Mechanisms of Aging in Lens Cells, Relation to Cataract
Norman Wolf, William Pendergrass, Narendra Singh, Philip Penn, and Yi Li.
Dept. of Pathology, Univ. of Washington, Seattle, WA.
Age-related cataract, a major pathology in humans, is also found in
laboratory rodents. The etiology is held, but not completely proven, to be due to
accumulation of oxidative damage to the lens, producing changes in the refractive
internal lens fiber cells, or in the surface lens epithelial cells (LECs) that
protect the interior and later migrate internally to become the lens fibers. LEC
cataractogenesis may be due to either photoxidation or free-radicals of internal
origin. Our studies in mice and rats have shown that with aging the LECs lose
replicative rate in vivo and replicative capacity in vitro, coupled with a
significant in vivo shortening of their telomeres. Further, their resistance to
oxidative damage by hydrogen peroxide in vitro significantly diminishes with age.

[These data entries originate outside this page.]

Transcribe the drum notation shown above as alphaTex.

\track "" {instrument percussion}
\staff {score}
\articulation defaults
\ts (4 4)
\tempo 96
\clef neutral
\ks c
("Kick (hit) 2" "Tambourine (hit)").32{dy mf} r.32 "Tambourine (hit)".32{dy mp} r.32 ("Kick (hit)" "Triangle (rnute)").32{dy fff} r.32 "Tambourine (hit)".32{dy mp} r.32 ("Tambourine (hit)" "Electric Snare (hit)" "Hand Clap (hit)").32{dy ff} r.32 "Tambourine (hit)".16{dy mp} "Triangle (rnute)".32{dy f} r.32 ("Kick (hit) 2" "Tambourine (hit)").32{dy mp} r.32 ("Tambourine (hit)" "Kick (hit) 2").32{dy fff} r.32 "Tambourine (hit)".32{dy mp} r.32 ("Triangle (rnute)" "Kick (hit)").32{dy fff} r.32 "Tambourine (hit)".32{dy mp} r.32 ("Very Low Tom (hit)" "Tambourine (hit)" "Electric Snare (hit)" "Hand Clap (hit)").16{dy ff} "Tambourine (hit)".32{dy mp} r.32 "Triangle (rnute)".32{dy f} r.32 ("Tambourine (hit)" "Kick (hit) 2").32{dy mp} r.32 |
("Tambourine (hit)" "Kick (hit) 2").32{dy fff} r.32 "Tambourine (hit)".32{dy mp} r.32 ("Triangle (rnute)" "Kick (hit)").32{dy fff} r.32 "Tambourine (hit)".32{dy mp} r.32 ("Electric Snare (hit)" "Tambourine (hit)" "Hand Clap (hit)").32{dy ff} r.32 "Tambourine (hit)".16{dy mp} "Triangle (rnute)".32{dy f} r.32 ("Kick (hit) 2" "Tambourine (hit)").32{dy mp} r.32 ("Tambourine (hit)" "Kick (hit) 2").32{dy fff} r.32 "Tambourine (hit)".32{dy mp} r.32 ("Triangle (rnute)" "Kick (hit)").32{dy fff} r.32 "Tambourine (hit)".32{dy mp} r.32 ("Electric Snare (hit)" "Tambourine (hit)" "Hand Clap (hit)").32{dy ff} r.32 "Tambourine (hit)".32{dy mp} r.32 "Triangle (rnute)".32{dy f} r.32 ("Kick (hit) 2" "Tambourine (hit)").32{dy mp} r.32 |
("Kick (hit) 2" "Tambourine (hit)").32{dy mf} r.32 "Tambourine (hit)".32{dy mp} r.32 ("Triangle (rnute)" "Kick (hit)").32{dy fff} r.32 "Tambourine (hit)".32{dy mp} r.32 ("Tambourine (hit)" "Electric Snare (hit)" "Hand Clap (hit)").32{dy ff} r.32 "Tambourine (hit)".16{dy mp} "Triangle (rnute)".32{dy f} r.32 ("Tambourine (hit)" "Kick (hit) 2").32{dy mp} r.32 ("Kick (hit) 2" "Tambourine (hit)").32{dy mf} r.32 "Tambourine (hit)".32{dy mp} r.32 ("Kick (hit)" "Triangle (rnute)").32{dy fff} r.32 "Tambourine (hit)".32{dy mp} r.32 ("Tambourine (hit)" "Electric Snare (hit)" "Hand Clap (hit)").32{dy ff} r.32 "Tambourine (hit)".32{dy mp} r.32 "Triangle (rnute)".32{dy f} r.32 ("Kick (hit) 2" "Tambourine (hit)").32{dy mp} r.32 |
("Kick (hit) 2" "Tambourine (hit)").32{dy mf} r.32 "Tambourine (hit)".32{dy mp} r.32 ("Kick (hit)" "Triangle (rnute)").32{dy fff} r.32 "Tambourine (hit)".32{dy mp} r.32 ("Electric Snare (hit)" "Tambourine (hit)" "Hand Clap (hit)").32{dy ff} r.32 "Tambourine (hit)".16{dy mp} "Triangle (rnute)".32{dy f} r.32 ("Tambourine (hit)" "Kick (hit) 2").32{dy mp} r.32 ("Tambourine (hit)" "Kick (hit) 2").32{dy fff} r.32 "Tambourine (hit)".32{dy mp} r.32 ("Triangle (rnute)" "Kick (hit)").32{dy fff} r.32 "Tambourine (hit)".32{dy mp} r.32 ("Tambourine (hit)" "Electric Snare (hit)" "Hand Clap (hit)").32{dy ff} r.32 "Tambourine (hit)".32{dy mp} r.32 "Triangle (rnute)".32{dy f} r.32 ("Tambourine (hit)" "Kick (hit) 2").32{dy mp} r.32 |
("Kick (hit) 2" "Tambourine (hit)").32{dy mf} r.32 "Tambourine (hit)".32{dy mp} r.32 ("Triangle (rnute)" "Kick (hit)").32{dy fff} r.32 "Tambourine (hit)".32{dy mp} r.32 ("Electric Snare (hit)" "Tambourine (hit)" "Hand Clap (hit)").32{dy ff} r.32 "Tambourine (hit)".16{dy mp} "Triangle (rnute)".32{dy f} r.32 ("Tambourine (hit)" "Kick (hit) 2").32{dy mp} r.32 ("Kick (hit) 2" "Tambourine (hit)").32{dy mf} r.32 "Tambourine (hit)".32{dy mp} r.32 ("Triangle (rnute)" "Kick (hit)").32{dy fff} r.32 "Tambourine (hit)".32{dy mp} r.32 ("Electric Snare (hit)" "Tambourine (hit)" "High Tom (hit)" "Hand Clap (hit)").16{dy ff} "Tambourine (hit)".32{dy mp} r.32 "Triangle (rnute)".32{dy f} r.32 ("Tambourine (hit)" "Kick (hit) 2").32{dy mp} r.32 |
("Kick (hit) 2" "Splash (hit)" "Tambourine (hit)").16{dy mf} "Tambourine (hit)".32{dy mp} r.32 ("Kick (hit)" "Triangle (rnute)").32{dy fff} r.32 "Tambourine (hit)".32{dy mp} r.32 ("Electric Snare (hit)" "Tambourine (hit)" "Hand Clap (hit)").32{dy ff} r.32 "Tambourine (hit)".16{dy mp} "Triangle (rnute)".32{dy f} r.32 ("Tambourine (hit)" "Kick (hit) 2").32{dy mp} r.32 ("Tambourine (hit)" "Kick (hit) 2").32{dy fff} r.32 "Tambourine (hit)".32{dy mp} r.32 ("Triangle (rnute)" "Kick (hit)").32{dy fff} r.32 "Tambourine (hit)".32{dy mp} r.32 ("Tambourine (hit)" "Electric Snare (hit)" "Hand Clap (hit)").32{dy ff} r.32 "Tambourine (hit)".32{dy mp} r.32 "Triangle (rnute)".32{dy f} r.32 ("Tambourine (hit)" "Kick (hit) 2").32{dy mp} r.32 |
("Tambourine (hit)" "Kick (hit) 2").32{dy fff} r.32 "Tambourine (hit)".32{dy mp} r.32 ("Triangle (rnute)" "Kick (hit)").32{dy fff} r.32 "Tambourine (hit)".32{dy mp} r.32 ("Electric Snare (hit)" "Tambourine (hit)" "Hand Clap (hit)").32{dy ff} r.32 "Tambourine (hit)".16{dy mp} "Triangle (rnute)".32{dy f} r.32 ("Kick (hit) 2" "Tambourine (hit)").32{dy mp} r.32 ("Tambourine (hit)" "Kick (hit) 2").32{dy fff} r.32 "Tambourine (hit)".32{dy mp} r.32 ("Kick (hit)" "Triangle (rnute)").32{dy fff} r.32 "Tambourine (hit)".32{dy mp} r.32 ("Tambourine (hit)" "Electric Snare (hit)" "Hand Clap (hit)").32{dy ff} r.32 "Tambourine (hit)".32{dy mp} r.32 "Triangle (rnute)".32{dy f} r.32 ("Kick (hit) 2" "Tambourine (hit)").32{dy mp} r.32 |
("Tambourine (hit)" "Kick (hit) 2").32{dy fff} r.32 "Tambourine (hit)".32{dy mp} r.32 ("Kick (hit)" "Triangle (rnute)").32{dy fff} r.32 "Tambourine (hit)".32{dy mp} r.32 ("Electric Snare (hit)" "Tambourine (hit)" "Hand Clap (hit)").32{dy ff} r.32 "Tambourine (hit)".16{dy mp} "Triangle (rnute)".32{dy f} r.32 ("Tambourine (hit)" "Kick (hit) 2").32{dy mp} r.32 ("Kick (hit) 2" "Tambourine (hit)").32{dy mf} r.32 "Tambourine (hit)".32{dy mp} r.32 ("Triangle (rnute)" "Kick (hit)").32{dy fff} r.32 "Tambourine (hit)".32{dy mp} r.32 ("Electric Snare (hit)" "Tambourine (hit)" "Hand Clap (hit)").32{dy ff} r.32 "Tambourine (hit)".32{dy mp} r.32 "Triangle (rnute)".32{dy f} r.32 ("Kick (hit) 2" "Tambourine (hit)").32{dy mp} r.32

All of these age-related deficits, including age-related cataract formation, are
significantly minimized by long term caloric restriction, a regimen that also
extends animal lifespan and lessens the susceptibility to several cellular
insults (oxidative free radicals, heat, toxic chemicals, and inflicted or
spontaneous carcinogenesis). Related to the source of cataractogenesis, LEC
mitochondrial efficiency, a key factor in the production of cellular pump energy
as well as oxidative damage, was found to decrease with age. We conclude that
aging is accompanied by increased LEC sensitivity to oxidative damage, decreased
mitochondrial efficiency, telomere shortening, loss of replicative capacity and
cataract development. As a model system, the lens provides an age-related
pathology,cataract, that correlates with the accretion of cellular changes
intrinsic to the process of aging and testable for causation.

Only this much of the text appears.